Ayant probablement anticipé la question de Feng Fei, Yuan Jue leva immédiatement les yeux, prit délicatement la main de Feng Fei et écrivit dans sa paume : « D'accord. Mais nous devrons attendre d'être sortis. »
Feng Fei regarda Yuan Jue avec surprise, se demandant pourquoi il lui répondait ainsi, mais elle se doutait bien qu'il devait y avoir une raison. Alors, Feng Fei se contenta de sourire et d'acquiescer.
Feng Fei et Yuan Jue traitaient Jin Ming comme s'il était invisible, se regardant silencieusement avec une profonde affection.
Bien qu'il s'intéressât à Feng Fei et s'opposât fermement aux sentiments que cette dernière éprouvait pour Yuan Jue, allant même jusqu'à déclarer son intention de rivaliser loyalement avec elle, il ne supportait plus d'être ainsi ignoré. Frustré, Jin Ming s'en alla en grognant.
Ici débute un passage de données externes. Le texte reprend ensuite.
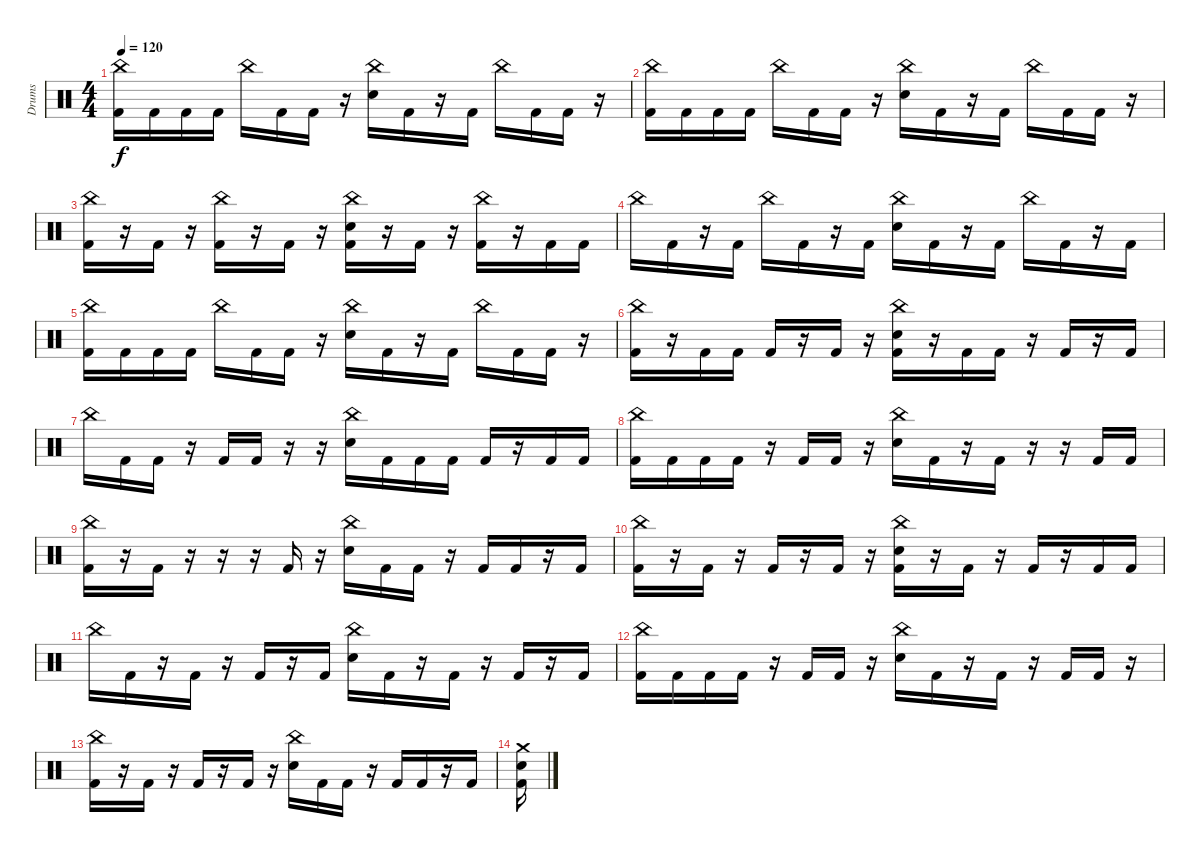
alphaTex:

\track ("Drums" "Drums") {instrument percussion}
\staff {score}
\articulation defaults
\ts (4 4)
\tempo 120
\clef neutral
\ks c
("China (hit)" "Kick (hit) 2").16{dy f} "Kick (hit) 2".16 "Kick (hit) 2".16 "Kick (hit) 2".16 "China (hit)".16 "Kick (hit) 2".16 "Kick (hit) 2".16 r.16 ("China (hit)" "Snare (hit) 2").16 "Kick (hit) 2".16 r.16 "Kick (hit) 2".16 "China (hit)".16 "Kick (hit) 2".16 "Kick (hit) 2".16 r.16 |
("China (hit)" "Kick (hit) 2").16 "Kick (hit) 2".16 "Kick (hit) 2".16 "Kick (hit) 2".16 "China (hit)".16 "Kick (hit) 2".16 "Kick (hit) 2".16 r.16 ("China (hit)" "Snare (hit) 2").16 "Kick (hit) 2".16 r.16 "Kick (hit) 2".16 "China (hit)".16 "Kick (hit) 2".16 "Kick (hit) 2".16 r.16 |
("China (hit)" "Kick (hit) 2").16 r.16 "Kick (hit) 2".16 r.16 ("China (hit)" "Kick (hit) 2").16 r.16 "Kick (hit) 2".16 r.16 ("China (hit)" "Snare (hit) 2" "Kick (hit) 2").16 r.16 "Kick (hit) 2".16 r.16 ("China (hit)" "Kick (hit) 2").16 r.16 "Kick (hit) 2".16 "Kick (hit) 2".16 |
"China (hit)".16 "Kick (hit) 2".16 r.16 "Kick (hit) 2".16 "China (hit)".16 "Kick (hit) 2".16 r.16 "Kick (hit) 2".16 ("China (hit)" "Snare (hit) 2").16 "Kick (hit) 2".16 r.16 "Kick (hit) 2".16 "China (hit)".16 "Kick (hit) 2".16 r.16 "Kick (hit) 2".16 |
("China (hit)" "Kick (hit) 2").16 "Kick (hit) 2".16 "Kick (hit) 2".16 "Kick (hit) 2".16 "China (hit)".16 "Kick (hit) 2".16 "Kick (hit) 2".16 r.16 ("China (hit)" "Snare (hit) 2").16 "Kick (hit) 2".16 r.16 "Kick (hit) 2".16 "China (hit)".16 "Kick (hit) 2".16 "Kick (hit) 2".16 r.16 |
("China (hit)" "Kick (hit) 2").16 r.16 "Kick (hit) 2".16 "Kick (hit) 2".16 "Kick (hit) 2".16 r.16 "Kick (hit) 2".16 r.16 ("China (hit)" "Snare (hit) 2" "Kick (hit) 2").16 r.16 "Kick (hit) 2".16 "Kick (hit) 2".16 r.16 "Kick (hit) 2".16 r.16 "Kick (hit) 2".16 |
"China (hit)".16 "Kick (hit) 2".16 "Kick (hit) 2".16 r.16 "Kick (hit) 2".16 "Kick (hit) 2".16 r.16 r.16 ("China (hit)" "Snare (hit) 2").16 "Kick (hit) 2".16 "Kick (hit) 2".16 "Kick (hit) 2".16 "Kick (hit) 2".16 r.16 "Kick (hit) 2".16 "Kick (hit) 2".16 |
("China (hit)" "Kick (hit) 2").16 "Kick (hit) 2".16 "Kick (hit) 2".16 "Kick (hit) 2".16 r.16 "Kick (hit) 2".16 "Kick (hit) 2".16 r.16 ("China (hit)" "Snare (hit) 2").16 "Kick (hit) 2".16 r.16 "Kick (hit) 2".16 r.16 r.16 "Kick (hit) 2".16 "Kick (hit) 2".16 |
("China (hit)" "Kick (hit) 2").16 r.16 "Kick (hit) 2".16 r.16 r.16 r.16 "Kick (hit) 2".16 r.16 ("China (hit)" "Snare (hit) 2").16 "Kick (hit) 2".16 "Kick (hit) 2".16 r.16 "Kick (hit) 2".16 "Kick (hit) 2".16 r.16 "Kick (hit) 2".16 |
("China (hit)" "Kick (hit) 2").16 r.16 "Kick (hit) 2".16 r.16 "Kick (hit) 2".16 r.16 "Kick (hit) 2".16 r.16 ("China (hit)" "Snare (hit) 2" "Kick (hit) 2").16 r.16 "Kick (hit) 2".16 r.16 "Kick (hit) 2".16 r.16 "Kick (hit) 2".16 "Kick (hit) 2".16 |
"China (hit)".16 "Kick (hit) 2".16 r.16 "Kick (hit) 2".16 r.16 "Kick (hit) 2".16 r.16 "Kick (hit) 2".16 ("China (hit)" "Snare (hit) 2").16 "Kick (hit) 2".16 r.16 "Kick (hit) 2".16 r.16 "Kick (hit) 2".16 r.16 "Kick (hit) 2".16 |
("China (hit)" "Kick (hit) 2").16 "Kick (hit) 2".16 "Kick (hit) 2".16 "Kick (hit) 2".16 r.16 "Kick (hit) 2".16 "Kick (hit) 2".16 r.16 ("China (hit)" "Snare (hit) 2").16 "Kick (hit) 2".16 r.16 "Kick (hit) 2".16 r.16 "Kick (hit) 2".16 "Kick (hit) 2".16 r.16 |
("China (hit)" "Kick (hit) 2").16 r.16 "Kick (hit) 2".16 r.16 "Kick (hit) 2".16 r.16 "Kick (hit) 2".16 r.16 ("China (hit)" "Snare (hit) 2").16 "Kick (hit) 2".16 "Kick (hit) 2".16 r.16 "Kick (hit) 2".16 "Kick (hit) 2".16 r.16 "Kick (hit) 2".16 |
("Crash medium (hit)" "Snare (hit) 2" "Kick (hit) 2").16
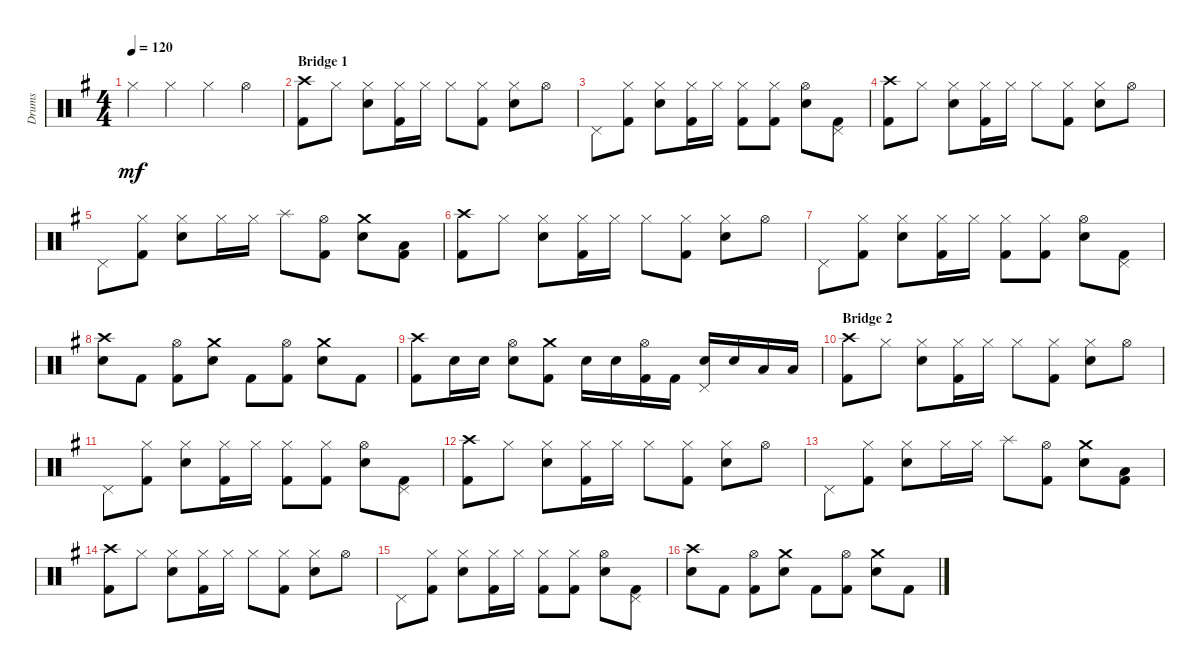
\track ("Drums" "Drums") {instrument percussion}
\staff {score}
\articulation defaults
\ts (4 4)
\tempo 120
\clef neutral
\ks g "Hi-Hat (closed)".4{dy mf} "Hi-Hat (closed)".4 "Hi-Hat (closed)".4 "Hi-Hat (open)".4
|
\section ("" "Bridge 1")
("Kick (hit) 2" "Crash high (hit)").8 "Hi-Hat (closed)".8 ("Snare (hit) 2" "Hi-Hat (closed)").8 ("Kick (hit) 2" "Hi-Hat (closed)").16 "Hi-Hat (closed)".16 "Hi-Hat (closed)".8 ("Kick (hit) 2" "Hi-Hat (closed)").8 ("Snare (hit) 2" "Hi-Hat (closed)").8 "Hi-Hat (open)".8 |
"Pedal Hi-Hat (hit)".8 ("Kick (hit) 2" "Hi-Hat (closed)").8 ("Snare (hit) 2" "Hi-Hat (closed)").8 ("Kick (hit) 2" "Hi-Hat (closed)").16 "Hi-Hat (closed)".16 ("Kick (hit) 2" "Hi-Hat (closed)").8 ("Kick (hit) 2" "Hi-Hat (closed)").8 ("Snare (hit) 2" "Hi-Hat (open)").8 ("Kick (hit) 2" "Pedal Hi-Hat (hit)").8 |
("Kick (hit) 2" "Crash high (hit)").8 "Hi-Hat (closed)".8 ("Snare (hit) 2" "Hi-Hat (closed)").8 ("Kick (hit) 2" "Hi-Hat (closed)").16 "Hi-Hat (closed)".16 "Hi-Hat (closed)".8 ("Kick (hit) 2" "Hi-Hat (closed)").8 ("Snare (hit) 2" "Hi-Hat (closed)").8 "Hi-Hat (open)".8 |
"Pedal Hi-Hat (hit)".8 ("Kick (hit) 2" "Hi-Hat (closed)").8 ("Snare (hit) 2" "Hi-Hat (closed)").8 "Hi-Hat (closed)".16 "Hi-Hat (closed)".16 "Splash (hit)".8 ("Kick (hit) 2" "Hi-Hat (open)").8 ("Snare (hit) 2" "Crash medium (hit)").8 ("Kick (hit) 2" "Low Tom (hit)").8 |
("Kick (hit) 2" "Crash high (hit)").8 "Hi-Hat (closed)".8 ("Snare (hit) 2" "Hi-Hat (closed)").8 ("Kick (hit) 2" "Hi-Hat (closed)").16 "Hi-Hat (closed)".16 "Hi-Hat (closed)".8 ("Kick (hit) 2" "Hi-Hat (closed)").8 ("Snare (hit) 2" "Hi-Hat (closed)").8 "Hi-Hat (open)".8 |
"Pedal Hi-Hat (hit)".8 ("Kick (hit) 2" "Hi-Hat (closed)").8 ("Snare (hit) 2" "Hi-Hat (closed)").8 ("Kick (hit) 2" "Hi-Hat (closed)").16 "Hi-Hat (closed)".16 ("Kick (hit) 2" "Hi-Hat (closed)").8 ("Kick (hit) 2" "Hi-Hat (closed)").8 ("Snare (hit) 2" "Hi-Hat (open)").8 ("Kick (hit) 2" "Pedal Hi-Hat (hit)").8 |
("Snare (hit) 2" "Crash high (hit)").8 "Kick (hit) 2".8 ("Kick (hit) 2" "Hi-Hat (open)").8 ("Snare (hit) 2" "Crash medium (hit)").8 "Kick (hit) 2".8 ("Kick (hit) 2" "Hi-Hat (open)").8 ("Snare (hit) 2" "Crash medium (hit)").8 "Kick (hit) 2".8 |
("Kick (hit) 2" "Crash high (hit)").8 "Snare (hit) 2".16 "Snare (hit) 2".16 ("Snare (hit) 2" "Hi-Hat (open)").8 ("Kick (hit) 2" "Crash medium (hit)").8 "Snare (hit) 2".16 "Snare (hit) 2".16 ("Kick (hit) 2" "Hi-Hat (open)").16 "Kick (hit) 2".16 ("Snare (hit) 2" "Pedal Hi-Hat (hit)").16 "Snare (hit) 2".16 "Low Tom (hit)".16 "Low Tom (hit)".16 |
\section ("" "Bridge 2")
("Kick (hit) 2" "Crash high (hit)").8 "Hi-Hat (closed)".8 ("Snare (hit) 2" "Hi-Hat (closed)").8 ("Kick (hit) 2" "Hi-Hat (closed)").16 "Hi-Hat (closed)".16 "Hi-Hat (closed)".8 ("Kick (hit) 2" "Hi-Hat (closed)").8 ("Snare (hit) 2" "Hi-Hat (closed)").8 "Hi-Hat (open)".8 |
"Pedal Hi-Hat (hit)".8 ("Kick (hit) 2" "Hi-Hat (closed)").8 ("Snare (hit) 2" "Hi-Hat (closed)").8 ("Kick (hit) 2" "Hi-Hat (closed)").16 "Hi-Hat (closed)".16 ("Kick (hit) 2" "Hi-Hat (closed)").8 ("Kick (hit) 2" "Hi-Hat (closed)").8 ("Snare (hit) 2" "Hi-Hat (open)").8 ("Kick (hit) 2" "Pedal Hi-Hat (hit)").8 |
("Kick (hit) 2" "Crash high (hit)").8 "Hi-Hat (closed)".8 ("Snare (hit) 2" "Hi-Hat (closed)").8 ("Kick (hit) 2" "Hi-Hat (closed)").16 "Hi-Hat (closed)".16 "Hi-Hat (closed)".8 ("Kick (hit) 2" "Hi-Hat (closed)").8 ("Snare (hit) 2" "Hi-Hat (closed)").8 "Hi-Hat (open)".8 |
"Pedal Hi-Hat (hit)".8 ("Kick (hit) 2" "Hi-Hat (closed)").8 ("Snare (hit) 2" "Hi-Hat (closed)").8 "Hi-Hat (closed)".16 "Hi-Hat (closed)".16 "Splash (hit)".8 ("Kick (hit) 2" "Hi-Hat (open)").8 ("Snare (hit) 2" "Crash medium (hit)").8 ("Kick (hit) 2" "Low Tom (hit)").8 |
("Kick (hit) 2" "Crash high (hit)").8 "Hi-Hat (closed)".8 ("Snare (hit) 2" "Hi-Hat (closed)").8 ("Kick (hit) 2" "Hi-Hat (closed)").16 "Hi-Hat (closed)".16 "Hi-Hat (closed)".8 ("Kick (hit) 2" "Hi-Hat (closed)").8 ("Snare (hit) 2" "Hi-Hat (closed)").8 "Hi-Hat (open)".8 |
"Pedal Hi-Hat (hit)".8 ("Kick (hit) 2" "Hi-Hat (closed)").8 ("Snare (hit) 2" "Hi-Hat (closed)").8 ("Kick (hit) 2" "Hi-Hat (closed)").16 "Hi-Hat (closed)".16 ("Kick (hit) 2" "Hi-Hat (closed)").8 ("Kick (hit) 2" "Hi-Hat (closed)").8 ("Snare (hit) 2" "Hi-Hat (open)").8 ("Kick (hit) 2" "Pedal Hi-Hat (hit)").8 |
("Snare (hit) 2" "Crash high (hit)").8 "Kick (hit) 2".8 ("Kick (hit) 2" "Hi-Hat (open)").8 ("Snare (hit) 2" "Crash medium (hit)").8 "Kick (hit) 2".8 ("Kick (hit) 2" "Hi-Hat (open)").8 ("Snare (hit) 2" "Crash medium (hit)").8 "Kick (hit) 2".8
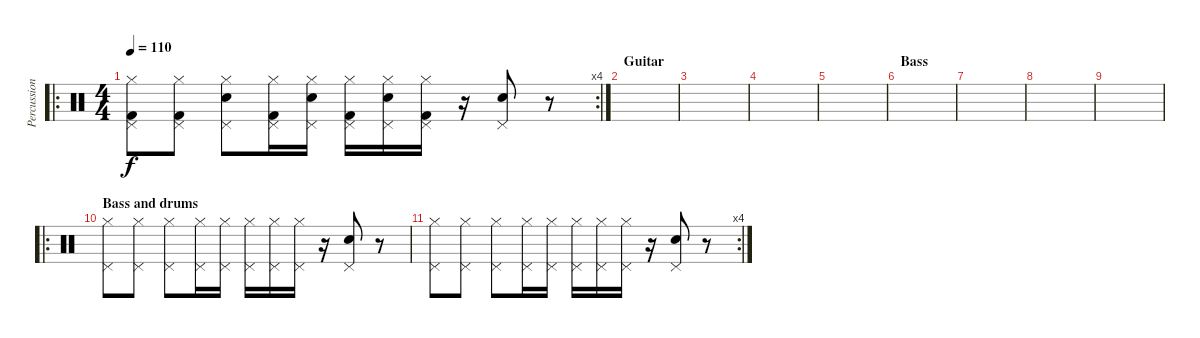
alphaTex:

\track ("Percussion" "Percussion") {instrument percussion}
\staff {score}
\articulation defaults
\ro
\rc 4
\ts (4 4)
\tempo 110
\clef neutral
\ks c
("Kick (hit) 2" "Pedal Hi-Hat (hit)" "Hi-Hat (closed)").8{dy f} ("Kick (hit) 2" "Pedal Hi-Hat (hit)" "Hi-Hat (closed)").8 ("Electric Snare (hit)" "Pedal Hi-Hat (hit)" "Hi-Hat (closed)").8 ("Kick (hit) 2" "Pedal Hi-Hat (hit)" "Hi-Hat (closed)").16 ("Electric Snare (hit)" "Pedal Hi-Hat (hit)" "Hi-Hat (closed)").16 ("Kick (hit) 2" "Pedal Hi-Hat (hit)" "Hi-Hat (closed)").16 ("Electric Snare (hit)" "Pedal Hi-Hat (hit)" "Hi-Hat (closed)").16 ("Kick (hit) 2" "Pedal Hi-Hat (hit)" "Hi-Hat (closed)").16 r.16 ("Pedal Hi-Hat (hit)" "Snare (hit) 2").8 r.8 |
\section ("" "Guitar")
|
|
|
|
\section ("" "Bass")
|
|
|
|
\ro
\section ("" "Bass and drums ")
("Pedal Hi-Hat (hit)" "Hi-Hat (closed)").8 ("Pedal Hi-Hat (hit)" "Hi-Hat (closed)").8 ("Pedal Hi-Hat (hit)" "Hi-Hat (closed)").8 ("Pedal Hi-Hat (hit)" "Hi-Hat (closed)").16 ("Pedal Hi-Hat (hit)" "Hi-Hat (closed)").16 ("Pedal Hi-Hat (hit)" "Hi-Hat (closed)").16 ("Pedal Hi-Hat (hit)" "Hi-Hat (closed)").16 ("Pedal Hi-Hat (hit)" "Hi-Hat (closed)").16 r.16 ("Pedal Hi-Hat (hit)" "Snare (hit) 2").8 r.8 |
\rc 4
("Pedal Hi-Hat (hit)" "Hi-Hat (closed)").8 ("Pedal Hi-Hat (hit)" "Hi-Hat (closed)").8 ("Pedal Hi-Hat (hit)" "Hi-Hat (closed)").8 ("Pedal Hi-Hat (hit)" "Hi-Hat (closed)").16 ("Pedal Hi-Hat (hit)" "Hi-Hat (closed)").16 ("Pedal Hi-Hat (hit)" "Hi-Hat (closed)").16 ("Pedal Hi-Hat (hit)" "Hi-Hat (closed)").16 ("Pedal Hi-Hat (hit)" "Hi-Hat (closed)").16 r.16 ("Pedal Hi-Hat (hit)" "Snare (hit) 2").8 r.8

Yuan Jue et Feng Fei, complètement inconscients du départ de Jin Ming, continuaient de se regarder.
"Yuan Jue, je... t'aime bien."
Yuan Jue, visiblement décontenancée par la remarque soudaine de Feng Fei, resta figée sur place, le visage se teintant lentement d'un rose séduisant. Cependant, Feng Fei ne remarqua pas qu'après avoir dit « Je t'aime bien », elle baissa timidement la tête et joua avec le bas de sa robe.
En voyant l'apparence de Feng Fei, Yuan Jue n'eut plus honte et sa nature rusée fut immédiatement révélée.
Il desserra légèrement son col, s'appuya contre la table en pierre, posa sa tête sur son bras droit et dit d'une voix coquette : « Petite~ Fei~ Fei~ qu'est-ce que~ tu as~ fait~ tout à l'heure~ ? » La phrase entière était hachée, et le dernier « ne » était traîné en longueur, ressemblant à la voix d'un mouton.
Feng Fei frissonna soudain et leva les yeux, surpris, pour apercevoir Yuan Jue, la poitrine à moitié dénudée. Aussitôt, les scènes auxquelles il avait assisté durant la journée lui revinrent en mémoire.
Le teint de Feng Fei devint encore plus rose.
En le fixant d'un regard si ardent, Yuan Jue réalisa soudain que sa décision de l'instant précédent était erronée, ce qui provoqua chez lui une réaction étrange.
C’est alors précisément, à ce moment où la cour était imprégnée d’une atmosphère ambiguë, que le portail de la résidence Feijue fut soudainement enfoncé de l’extérieur.
Yuan Jue lança un regard furieux, se demandant qui avait l'audace de pénétrer chez Fei Jue. Feng Fei tourna lui aussi son regard vide vers la porte de la cour d'où provenait le fracas, son expression devenant instantanément sombre et sinistre.